Он и в самом деле не ощущал боли, которая так терзала его на берегу.
— С перепугу болеть перестали. Это так. У меня перед выходом на рейд поясницу ломило, а теперь прошло. Давай думать, что делать.
— А что? Видно, так и висеть на днище. Рассвет придет — может, и в голове посветлеет. Тогда, глядишь, что и придумаем.
— Верно. Умная твоя головушка! — похвалил Семен и, помолчав, добавил. — Бочки у нас пропали…
— Спишут, — не очень уверенно ответил Федор. — Хрен с ними, с бочками! Лишь бы самим спастись!
— Да, теперь не до бочек, — согласился Семен, но все же подумал, что если потерянный груз отнесут на них, то придется платить изрядную сумму, такую, какая и во сне не снилась ни ему, ни Федору.
Настроение стало еще мрачнее, и он надолго замолчал. Федор уже подумал, не случилось ли с ним чего: вдруг задремал, еще сползет в воду. Он хотел было окликнуть товарища, но тот и сам, наконец, подал голос.
— Отлив начался. Волна меньше стала.
— Верно. Скорее бы рассвело.
— Ну рассветет еще не скоро Что это?.. Гляди, луч! — воскликнул Семен. — Позади тебя светит. С парохода, что ли?
Федор быстро обернулся, всмотрелся во тьму и разглядел вдали луч света, скользнувший по волнам. А вскоре донесся и слабый гудок.
— Никак нас ищут!?
— Похоже, — отозвался Семен. — На Боевике, верно, пришли. Его фонарь. И гудок его. Только не там ищут…
— Давай покричим.
Оба дружно принялись кричать, но быстро отчаялись в том, что их услышат на таком большом расстоянии.

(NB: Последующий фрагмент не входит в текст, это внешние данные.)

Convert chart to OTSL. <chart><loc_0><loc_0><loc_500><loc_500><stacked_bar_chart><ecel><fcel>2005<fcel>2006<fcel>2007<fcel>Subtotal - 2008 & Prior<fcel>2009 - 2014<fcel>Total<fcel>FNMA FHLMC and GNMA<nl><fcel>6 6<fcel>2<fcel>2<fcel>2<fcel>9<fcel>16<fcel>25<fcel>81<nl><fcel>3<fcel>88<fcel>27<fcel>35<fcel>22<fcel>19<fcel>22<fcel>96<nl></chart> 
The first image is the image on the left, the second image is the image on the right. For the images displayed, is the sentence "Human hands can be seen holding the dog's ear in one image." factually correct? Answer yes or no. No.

— Зря кричим. Гудок и то еле слышно, — сказал Семен. — Жаль, огня у нас нет… Сигнал не подать. Ежели до рассвета проищут, тогда заметят.
— Не ушли бы мористее…
— Хоть бы скорее рассвело. Рубаху исподнюю на весле бы подняли.
Слабый луч света, вспыхивавший время от времени, все удалялся. Рыбаки приуныли.
…
— Федор, а, Федор!
— Ну?
— Как ты, живой?
— Чуть живой.
Федор находился в том дремотном, близком к обмороку состоянии, когда уже перестаешь ощущать и холод, и голод, и постепенно погружаешься в небытие. Так случается с путником, застигнутым где-нибудь в пустынной тундре лютой пургой. Выбившись из сил, человек валится в сугроб и медленно погружается в свой последний вечный сон… Усилием воли Федор гнал прочь эту сонную одурь, обволакивающую его тягучей прочной сетью, сколько было возможно, ворочался на смоляном днище елы и все чувствовал, что силы уходят и гибель близка. Ему стало до слез жалко Соню и маленькую дочурку Сашу: Как же они без меня-то будут жить?